▶ [Work to be completed]:
Restate word for word the lines of the entries below, starting with the line that holds "6. toy dog [101,417,237,479]" and ending with the line that holds "9. pounding toy [249,409,386,479]", and no others.

▶ [Extracted records]:
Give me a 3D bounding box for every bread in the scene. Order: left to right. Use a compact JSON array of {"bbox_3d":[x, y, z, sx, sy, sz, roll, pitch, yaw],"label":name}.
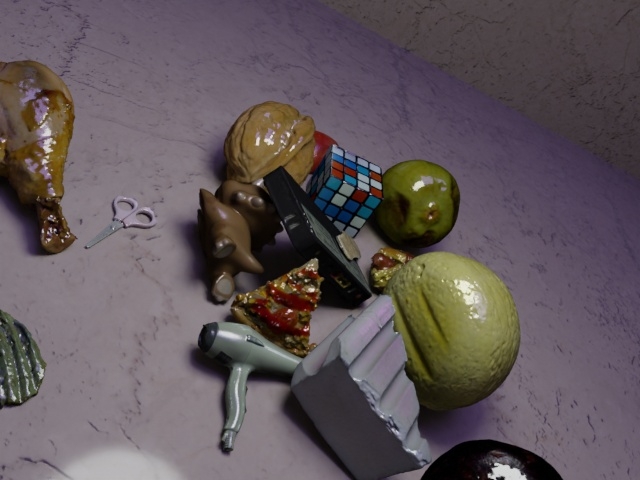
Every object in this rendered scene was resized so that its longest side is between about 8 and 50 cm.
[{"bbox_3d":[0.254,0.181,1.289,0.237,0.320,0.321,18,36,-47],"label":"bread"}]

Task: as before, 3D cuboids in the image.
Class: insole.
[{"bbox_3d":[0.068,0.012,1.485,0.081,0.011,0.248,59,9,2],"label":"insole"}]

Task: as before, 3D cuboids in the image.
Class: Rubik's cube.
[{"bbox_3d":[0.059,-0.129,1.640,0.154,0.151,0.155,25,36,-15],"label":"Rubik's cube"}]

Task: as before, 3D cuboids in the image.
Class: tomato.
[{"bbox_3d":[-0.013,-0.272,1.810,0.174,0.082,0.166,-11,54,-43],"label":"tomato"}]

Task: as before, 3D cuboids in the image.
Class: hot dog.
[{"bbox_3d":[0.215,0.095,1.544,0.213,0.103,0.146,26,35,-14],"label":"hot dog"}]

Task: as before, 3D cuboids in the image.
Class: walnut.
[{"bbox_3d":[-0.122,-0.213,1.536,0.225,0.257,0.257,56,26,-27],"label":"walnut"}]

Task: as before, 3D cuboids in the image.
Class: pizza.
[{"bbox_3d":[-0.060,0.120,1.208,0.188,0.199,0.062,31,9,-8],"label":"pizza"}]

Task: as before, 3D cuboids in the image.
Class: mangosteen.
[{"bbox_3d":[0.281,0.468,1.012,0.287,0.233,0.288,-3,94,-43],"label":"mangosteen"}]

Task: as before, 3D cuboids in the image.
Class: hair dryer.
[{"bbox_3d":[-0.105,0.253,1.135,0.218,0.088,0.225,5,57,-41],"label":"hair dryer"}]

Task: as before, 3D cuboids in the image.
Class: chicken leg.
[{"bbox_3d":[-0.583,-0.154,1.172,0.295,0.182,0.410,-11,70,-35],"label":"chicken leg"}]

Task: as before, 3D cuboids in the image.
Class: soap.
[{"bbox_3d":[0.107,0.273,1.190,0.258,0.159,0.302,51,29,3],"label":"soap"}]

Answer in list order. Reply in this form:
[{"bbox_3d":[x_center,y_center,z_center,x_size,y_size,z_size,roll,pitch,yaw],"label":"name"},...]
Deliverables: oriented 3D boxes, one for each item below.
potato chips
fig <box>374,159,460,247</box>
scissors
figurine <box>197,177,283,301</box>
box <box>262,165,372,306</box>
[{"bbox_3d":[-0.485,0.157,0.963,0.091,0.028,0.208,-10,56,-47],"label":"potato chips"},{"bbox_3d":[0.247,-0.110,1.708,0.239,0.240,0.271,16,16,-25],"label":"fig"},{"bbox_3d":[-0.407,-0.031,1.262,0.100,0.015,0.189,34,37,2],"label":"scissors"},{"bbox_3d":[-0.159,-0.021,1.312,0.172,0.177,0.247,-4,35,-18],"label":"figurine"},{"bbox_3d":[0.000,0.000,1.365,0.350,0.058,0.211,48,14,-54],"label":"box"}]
...
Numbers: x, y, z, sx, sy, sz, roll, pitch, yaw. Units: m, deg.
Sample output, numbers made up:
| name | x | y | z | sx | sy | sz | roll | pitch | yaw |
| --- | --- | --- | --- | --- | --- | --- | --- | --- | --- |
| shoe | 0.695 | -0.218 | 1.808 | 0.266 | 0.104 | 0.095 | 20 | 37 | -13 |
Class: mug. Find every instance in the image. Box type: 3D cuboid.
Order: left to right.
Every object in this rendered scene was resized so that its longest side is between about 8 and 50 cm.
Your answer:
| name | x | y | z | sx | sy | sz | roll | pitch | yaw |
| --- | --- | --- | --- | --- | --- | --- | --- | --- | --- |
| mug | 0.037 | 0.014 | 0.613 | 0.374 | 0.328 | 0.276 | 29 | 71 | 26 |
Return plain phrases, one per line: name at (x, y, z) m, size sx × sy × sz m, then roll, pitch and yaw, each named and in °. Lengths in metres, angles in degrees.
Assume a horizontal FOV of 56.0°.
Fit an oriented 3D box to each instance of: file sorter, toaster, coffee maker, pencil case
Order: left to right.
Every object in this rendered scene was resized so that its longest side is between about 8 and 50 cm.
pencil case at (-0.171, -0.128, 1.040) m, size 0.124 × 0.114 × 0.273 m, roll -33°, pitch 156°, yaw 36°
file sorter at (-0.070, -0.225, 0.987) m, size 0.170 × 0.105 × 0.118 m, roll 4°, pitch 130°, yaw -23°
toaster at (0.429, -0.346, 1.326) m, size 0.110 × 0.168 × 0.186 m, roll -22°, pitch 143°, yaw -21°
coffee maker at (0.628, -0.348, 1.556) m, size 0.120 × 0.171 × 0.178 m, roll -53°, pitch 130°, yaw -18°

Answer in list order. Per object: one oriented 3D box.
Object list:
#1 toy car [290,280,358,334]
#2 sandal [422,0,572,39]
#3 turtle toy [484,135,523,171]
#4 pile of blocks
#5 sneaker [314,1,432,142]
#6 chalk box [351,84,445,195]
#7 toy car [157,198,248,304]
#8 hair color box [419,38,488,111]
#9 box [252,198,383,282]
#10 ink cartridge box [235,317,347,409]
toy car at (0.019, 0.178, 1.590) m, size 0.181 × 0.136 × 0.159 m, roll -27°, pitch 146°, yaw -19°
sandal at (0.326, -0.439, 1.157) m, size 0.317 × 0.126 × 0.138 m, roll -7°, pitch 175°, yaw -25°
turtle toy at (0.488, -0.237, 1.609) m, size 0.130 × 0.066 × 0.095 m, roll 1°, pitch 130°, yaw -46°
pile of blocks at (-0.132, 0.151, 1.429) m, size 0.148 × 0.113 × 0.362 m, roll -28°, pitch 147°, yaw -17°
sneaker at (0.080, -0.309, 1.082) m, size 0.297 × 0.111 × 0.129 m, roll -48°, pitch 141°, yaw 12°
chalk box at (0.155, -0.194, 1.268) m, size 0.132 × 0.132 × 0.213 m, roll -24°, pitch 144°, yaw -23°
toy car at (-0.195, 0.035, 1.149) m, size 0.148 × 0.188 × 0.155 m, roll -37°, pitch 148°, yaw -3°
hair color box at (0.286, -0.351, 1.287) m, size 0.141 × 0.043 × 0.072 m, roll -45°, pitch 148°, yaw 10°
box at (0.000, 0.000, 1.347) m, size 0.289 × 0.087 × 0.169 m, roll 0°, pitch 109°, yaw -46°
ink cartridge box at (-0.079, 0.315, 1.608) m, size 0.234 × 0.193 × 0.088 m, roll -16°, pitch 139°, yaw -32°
---
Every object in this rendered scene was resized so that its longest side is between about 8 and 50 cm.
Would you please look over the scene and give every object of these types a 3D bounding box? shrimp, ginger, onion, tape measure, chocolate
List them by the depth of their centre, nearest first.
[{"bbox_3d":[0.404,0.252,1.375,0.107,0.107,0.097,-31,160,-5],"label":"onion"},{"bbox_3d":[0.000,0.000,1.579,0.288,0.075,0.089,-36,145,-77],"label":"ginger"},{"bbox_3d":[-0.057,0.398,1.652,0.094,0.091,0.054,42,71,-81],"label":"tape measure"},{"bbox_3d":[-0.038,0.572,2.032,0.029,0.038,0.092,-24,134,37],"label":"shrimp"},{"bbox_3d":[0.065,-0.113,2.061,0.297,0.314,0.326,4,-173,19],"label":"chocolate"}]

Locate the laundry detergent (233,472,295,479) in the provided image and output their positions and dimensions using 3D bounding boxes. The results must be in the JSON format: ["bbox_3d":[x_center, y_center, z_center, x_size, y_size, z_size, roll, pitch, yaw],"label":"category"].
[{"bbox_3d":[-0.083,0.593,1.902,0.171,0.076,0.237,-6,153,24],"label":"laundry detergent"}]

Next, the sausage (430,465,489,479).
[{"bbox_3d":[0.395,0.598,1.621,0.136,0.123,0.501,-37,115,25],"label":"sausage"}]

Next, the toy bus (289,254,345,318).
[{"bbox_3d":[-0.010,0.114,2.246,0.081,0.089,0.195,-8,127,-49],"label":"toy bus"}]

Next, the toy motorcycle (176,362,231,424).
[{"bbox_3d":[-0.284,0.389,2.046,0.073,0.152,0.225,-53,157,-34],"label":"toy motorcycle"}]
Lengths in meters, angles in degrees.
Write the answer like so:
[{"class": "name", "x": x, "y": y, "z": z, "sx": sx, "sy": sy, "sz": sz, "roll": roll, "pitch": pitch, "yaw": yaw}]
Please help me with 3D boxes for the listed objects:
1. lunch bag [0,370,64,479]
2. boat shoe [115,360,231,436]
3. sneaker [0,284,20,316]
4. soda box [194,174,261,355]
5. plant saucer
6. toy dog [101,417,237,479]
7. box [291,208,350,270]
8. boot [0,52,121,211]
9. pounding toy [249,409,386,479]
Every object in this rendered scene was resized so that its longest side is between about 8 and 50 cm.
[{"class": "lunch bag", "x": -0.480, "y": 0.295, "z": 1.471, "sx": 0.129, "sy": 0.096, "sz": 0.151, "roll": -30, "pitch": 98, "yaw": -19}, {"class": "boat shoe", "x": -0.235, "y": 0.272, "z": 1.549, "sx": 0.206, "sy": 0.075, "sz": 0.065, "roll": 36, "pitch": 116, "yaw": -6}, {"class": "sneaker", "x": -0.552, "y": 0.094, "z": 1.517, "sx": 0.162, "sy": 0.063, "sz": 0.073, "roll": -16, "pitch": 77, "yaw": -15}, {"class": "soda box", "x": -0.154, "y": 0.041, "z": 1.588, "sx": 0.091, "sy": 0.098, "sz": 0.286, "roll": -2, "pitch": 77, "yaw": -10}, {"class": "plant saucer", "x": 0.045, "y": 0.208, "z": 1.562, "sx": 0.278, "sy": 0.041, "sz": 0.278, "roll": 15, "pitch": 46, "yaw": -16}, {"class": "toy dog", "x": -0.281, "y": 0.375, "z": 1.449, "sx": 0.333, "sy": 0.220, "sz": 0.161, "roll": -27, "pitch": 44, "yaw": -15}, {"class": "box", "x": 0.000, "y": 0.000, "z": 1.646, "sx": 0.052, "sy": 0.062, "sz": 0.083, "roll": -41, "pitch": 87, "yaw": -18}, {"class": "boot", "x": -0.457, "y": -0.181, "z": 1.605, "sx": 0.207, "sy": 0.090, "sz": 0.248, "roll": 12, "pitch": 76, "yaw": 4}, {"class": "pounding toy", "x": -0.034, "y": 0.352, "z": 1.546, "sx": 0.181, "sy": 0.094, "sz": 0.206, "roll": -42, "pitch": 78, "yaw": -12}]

▶ [Result below]:
6. toy dog [101,417,237,479]
7. box [291,208,350,270]
8. boot [0,52,121,211]
9. pounding toy [249,409,386,479]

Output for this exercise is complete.